Center for Functional GI & Motility Disorders, University of North Carolina at Chapel Hill, Chapel Hill, North Carolina.
Center for Functional GI & Motility Disorders, University of North Carolina at Chapel Hill, Chapel Hill, North Carolina.
Gastroenterology. 2020 Apr;158(5):1262-1273.e3. doi: 10.1053/j.gastro.2019.12.021. Epub 2020 Jan 7.
BACKGROUND & AIMS: Little is known about the population prevalence or demographic distributions of Rome IV functional bowel disorders (FBDs) or their effects on quality of life. We examined these in a multinational survey.
We analyzed data from a population-based survey of adults in the United States, Canada, and United Kingdom (5931 valid responders; 49.2% female; mean age, 47.4 years; range, 18-92 years). The survey included the Rome IV Diagnostic Questionnaire, Rome III irritable bowel syndrome (IBS) and constipation questions, and the SF-8 quality of life questionnaire.
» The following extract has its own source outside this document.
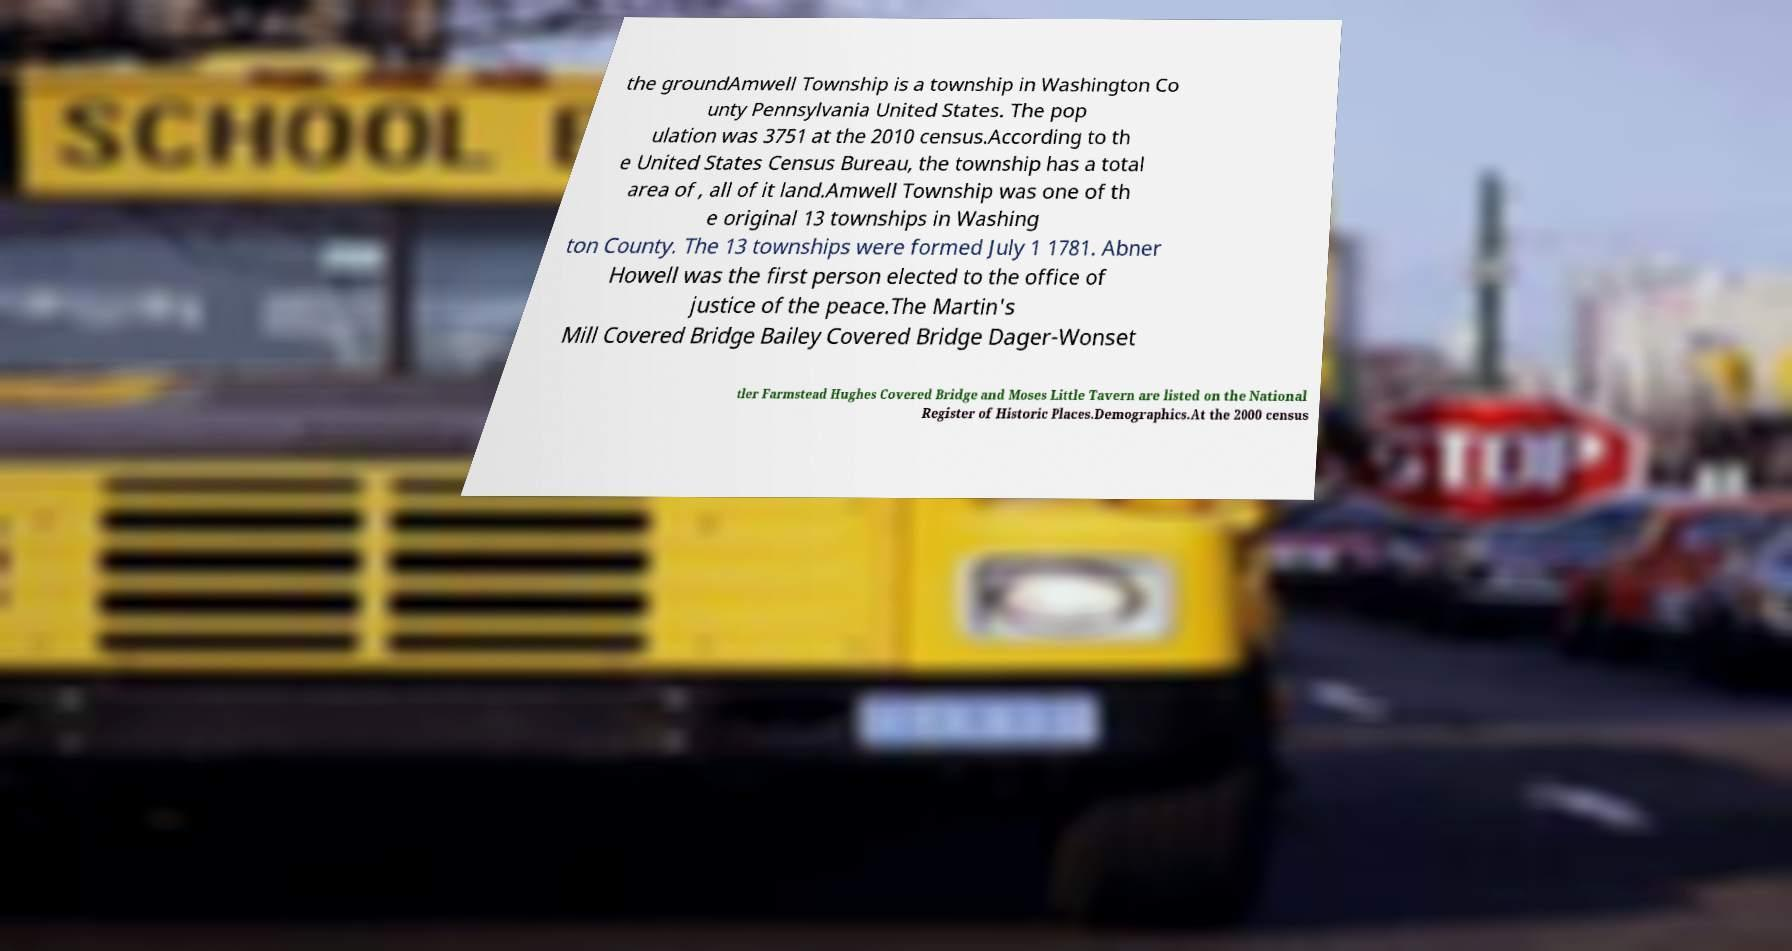Can you accurately transcribe the text from the provided image for me? the groundAmwell Township is a township in Washington Co unty Pennsylvania United States. The pop ulation was 3751 at the 2010 census.According to th e United States Census Bureau, the township has a total area of , all of it land.Amwell Township was one of th e original 13 townships in Washing ton County. The 13 townships were formed July 1 1781. Abner Howell was the first person elected to the office of justice of the peace.The Martin's Mill Covered Bridge Bailey Covered Bridge Dager-Wonset tler Farmstead Hughes Covered Bridge and Moses Little Tavern are listed on the National Register of Historic Places.Demographics.At the 2000 census

The prevalence values of census-adjusted Rome IV FBDs were similar among the 3 countries; ranges were: 4.4%-4.8% for IBS, 7.9%-8.6% for functional constipation, 3.6%-5.3% for functional diarrhea, 2.0%-3.9% for functional bloating or distention, 1.1%-1.9% for opioid-induced constipation, 7.5%-10.0% for unspecified FBDs, and 28.6%-31.7% for any Rome IV FBD. FBDs were less common in older individuals, and all except functional diarrhea were more common in women. IBS was only half as prevalent by Rome IV as by Rome III criteria (4.6% vs 9.0% overall), primarily due to higher Rome IV minimum pain frequency. Functional diarrhea and functional constipation were more prevalent by Rome IV than Rome III criteria. Subjects with FBD had significant reductions in quality of life and reported more gastrointestinal doctor consultations than other subjects.
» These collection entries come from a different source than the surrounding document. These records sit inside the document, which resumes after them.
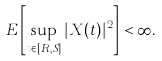Convert formula to latex. <formula><loc_0><loc_0><loc_500><loc_500>E \left [ \sup _ { t \in [ R , S ] } | X ( t ) | ^ { 2 } \right ] < \infty .</formula> 
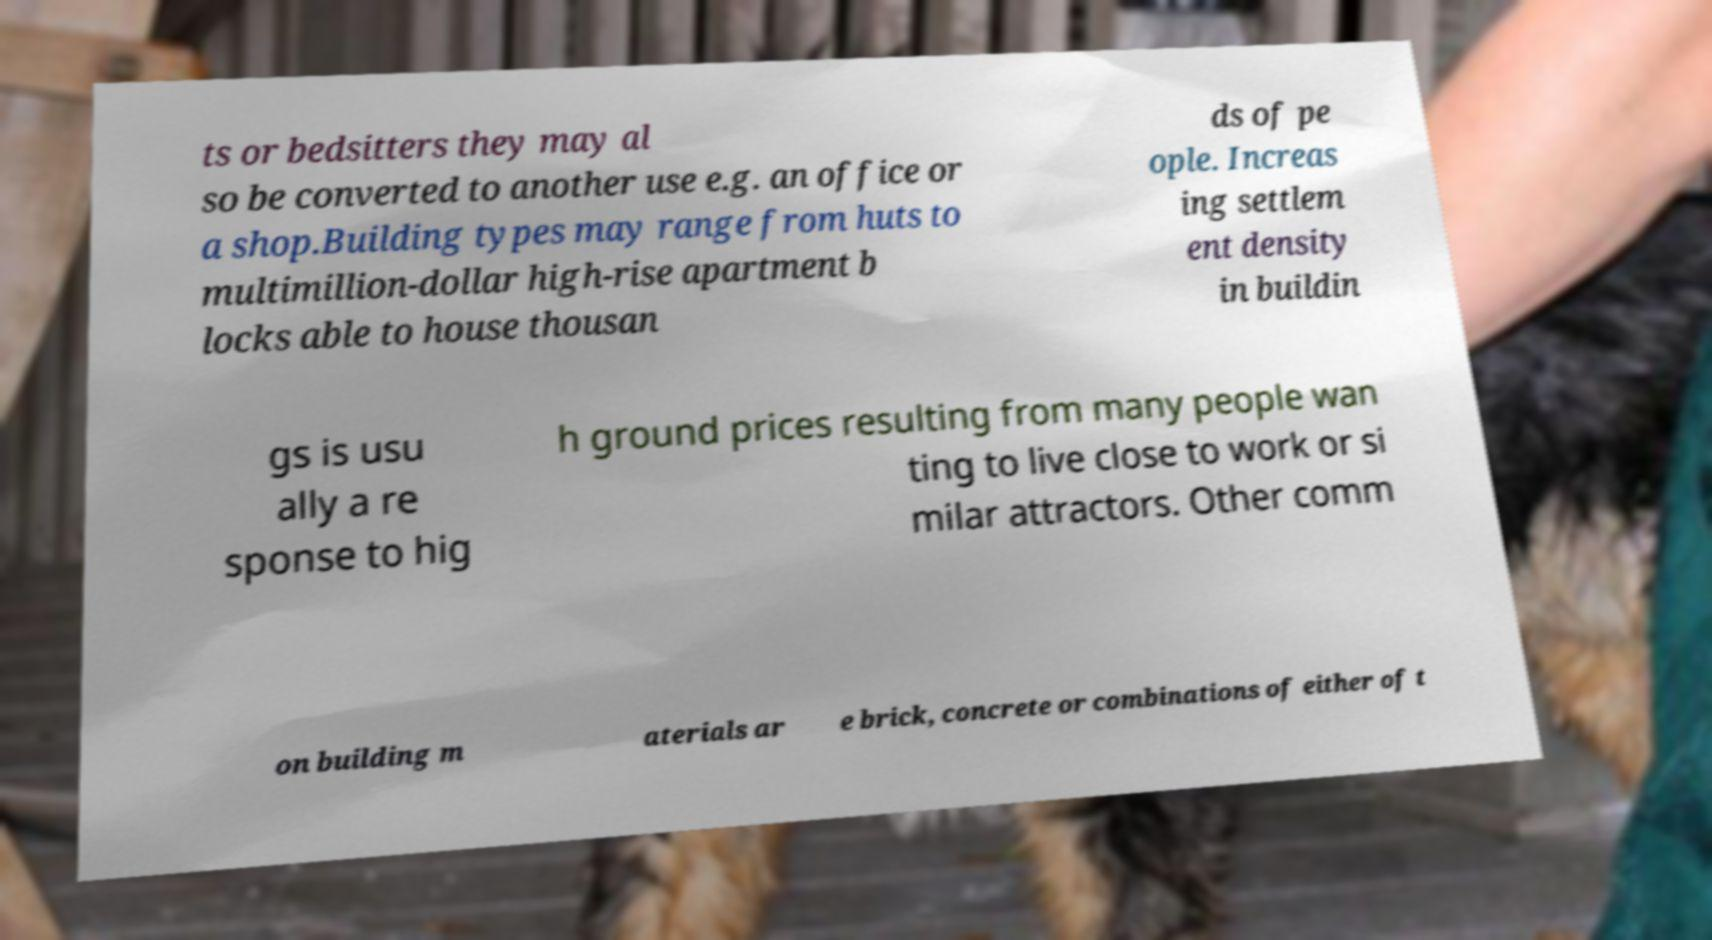For documentation purposes, I need the text within this image transcribed. Could you provide that? ts or bedsitters they may al so be converted to another use e.g. an office or a shop.Building types may range from huts to multimillion-dollar high-rise apartment b locks able to house thousan ds of pe ople. Increas ing settlem ent density in buildin gs is usu ally a re sponse to hig h ground prices resulting from many people wan ting to live close to work or si milar attractors. Other comm on building m aterials ar e brick, concrete or combinations of either of t 
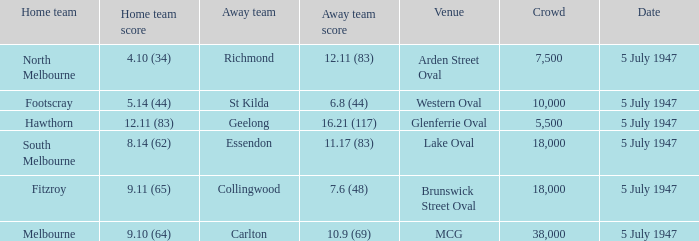8 (44)? Footscray. 
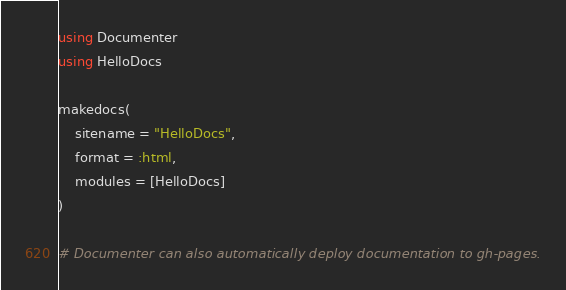Convert code to text. <code><loc_0><loc_0><loc_500><loc_500><_Julia_>using Documenter
using HelloDocs

makedocs(
    sitename = "HelloDocs",
    format = :html,
    modules = [HelloDocs]
)

# Documenter can also automatically deploy documentation to gh-pages.</code> 
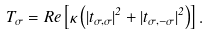Convert formula to latex. <formula><loc_0><loc_0><loc_500><loc_500>T _ { \sigma } = R e \left [ \kappa \left ( | t _ { \sigma , \sigma } | ^ { 2 } + | t _ { \sigma , - \sigma } | ^ { 2 } \right ) \right ] .</formula> 
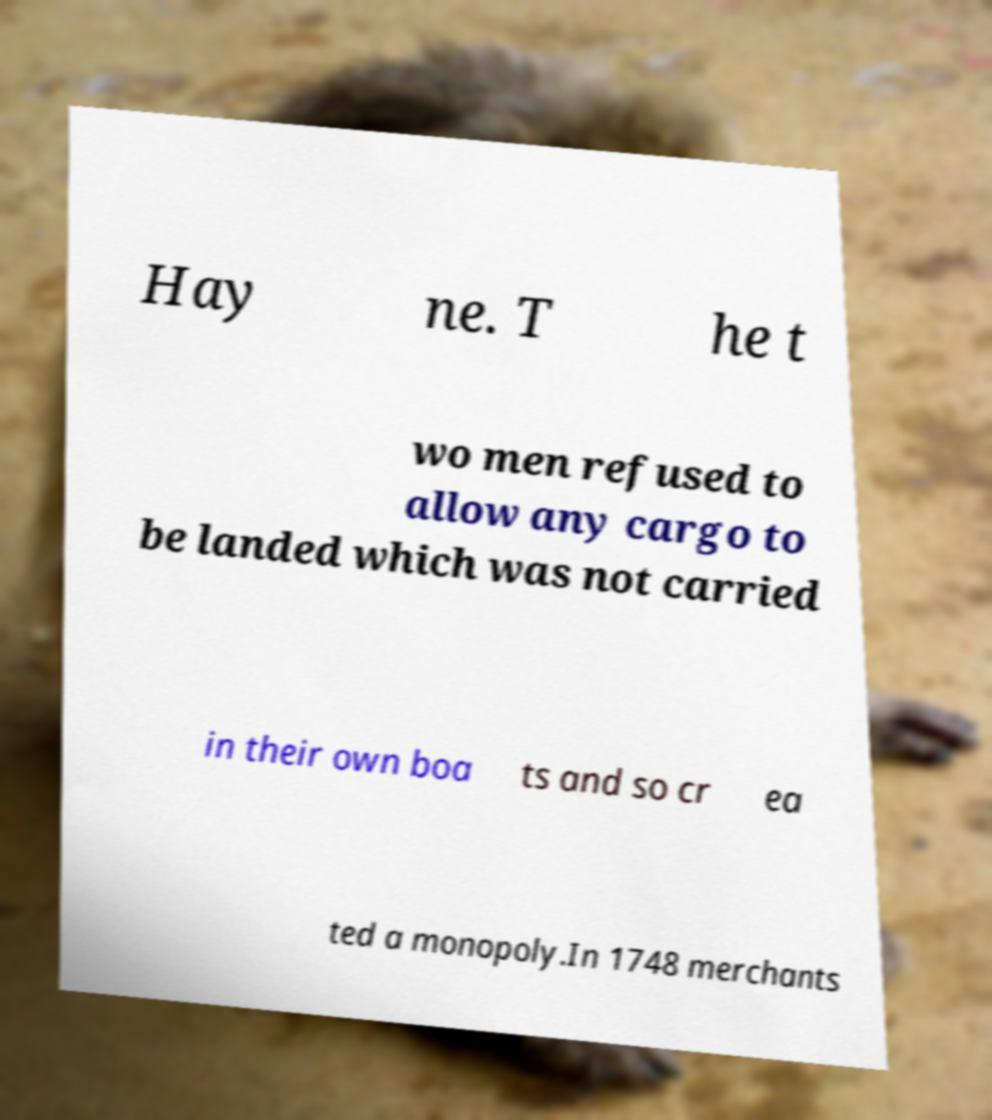Please read and relay the text visible in this image. What does it say? Hay ne. T he t wo men refused to allow any cargo to be landed which was not carried in their own boa ts and so cr ea ted a monopoly.In 1748 merchants 
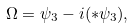Convert formula to latex. <formula><loc_0><loc_0><loc_500><loc_500>\Omega = \psi _ { 3 } - i ( * \psi _ { 3 } ) ,</formula> 
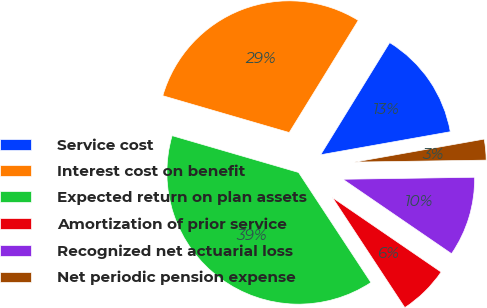Convert chart to OTSL. <chart><loc_0><loc_0><loc_500><loc_500><pie_chart><fcel>Service cost<fcel>Interest cost on benefit<fcel>Expected return on plan assets<fcel>Amortization of prior service<fcel>Recognized net actuarial loss<fcel>Net periodic pension expense<nl><fcel>13.42%<fcel>29.27%<fcel>38.76%<fcel>6.18%<fcel>9.8%<fcel>2.56%<nl></chart>

More than 1 in 4 adults in the general population meet the Rome IV criteria for FBDs. These disorders affect quality of life and increase use of gastrointestinal health care. The switch from Rome III to Rome IV criteria reduces the prevalence of IBS by half, but increases the prevalence of functional constipation and functional diarrhea.
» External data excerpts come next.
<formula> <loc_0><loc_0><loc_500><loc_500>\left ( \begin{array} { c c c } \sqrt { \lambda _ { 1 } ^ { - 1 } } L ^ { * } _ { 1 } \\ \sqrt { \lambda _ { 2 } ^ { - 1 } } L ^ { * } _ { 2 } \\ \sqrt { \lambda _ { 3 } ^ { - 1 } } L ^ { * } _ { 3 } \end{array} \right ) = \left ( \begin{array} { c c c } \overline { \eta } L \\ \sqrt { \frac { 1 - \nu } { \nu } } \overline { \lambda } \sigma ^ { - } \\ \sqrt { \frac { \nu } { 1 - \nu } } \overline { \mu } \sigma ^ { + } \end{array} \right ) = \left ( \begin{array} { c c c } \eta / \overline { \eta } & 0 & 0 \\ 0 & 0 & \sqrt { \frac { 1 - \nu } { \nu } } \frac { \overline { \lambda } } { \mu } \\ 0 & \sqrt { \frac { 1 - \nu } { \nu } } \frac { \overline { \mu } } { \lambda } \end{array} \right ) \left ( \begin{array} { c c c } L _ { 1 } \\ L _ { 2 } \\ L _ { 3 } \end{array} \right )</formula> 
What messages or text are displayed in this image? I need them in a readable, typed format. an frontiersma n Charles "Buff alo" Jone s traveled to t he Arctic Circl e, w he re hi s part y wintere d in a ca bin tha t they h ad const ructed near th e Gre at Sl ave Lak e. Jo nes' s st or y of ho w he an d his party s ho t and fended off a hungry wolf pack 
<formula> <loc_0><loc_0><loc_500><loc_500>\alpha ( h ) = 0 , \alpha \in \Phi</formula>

罗马 IV 功能性肠病(FBD)的人群流行率或人口分布情况知之甚少,也不了解其对生活质量的影响。我们在一项多国调查中对此进行了研究。
我们分析了来自美国、加拿大和英国的一项基于人群的成年人调查数据(有效应答者 5931 人;女性占 49.2%;平均年龄 47.4 岁;年龄范围 18-92 岁)。该调查包括罗马 IV 诊断问卷、罗马 III 肠易激综合征(IBS)和便秘问题以及 SF-8 生活质量问卷。
3 个国家的普查校正后罗马 IV FBD 的患病率值相似;范围为:IBS 为 4.4%-4.8%、功能性便秘为 7.9%-8.6%、功能性腹泻为 3.6%-5.3%、功能性腹胀或膨隆为 2.0%-3.9%、阿片类药物诱导的便秘为 1.1%-1.9%、未特指的 FBD 为 7.5%-10.0%、任何罗马 IV FBD 为 28.6%-31.7%。FBD 在年龄较大的个体中较少见,除功能性腹泻外,所有 FBD 在女性中更为常见。根据罗马 IV 标准,IBS 的患病率为罗马 III 标准的一半(总体为 4.6%对 9.0%),主要原因是罗马 IV 最低疼痛频率较高。根据罗马 IV 标准,功能性腹泻和功能性便秘的患病率高于罗马 III 标准。患有 FBD 的患者生活质量显著下降,并且比其他患者更多地就诊于胃肠科医生。
普通人群中超过 1/4 的成年人符合罗马 IV FBD 标准。这些疾病会影响生活质量,并增加对胃肠健康护理的使用。从罗马 III 标准切换到罗马 IV 标准会使 IBS 的患病率降低一半,但会增加功能性便秘和功能性腹泻的患病率。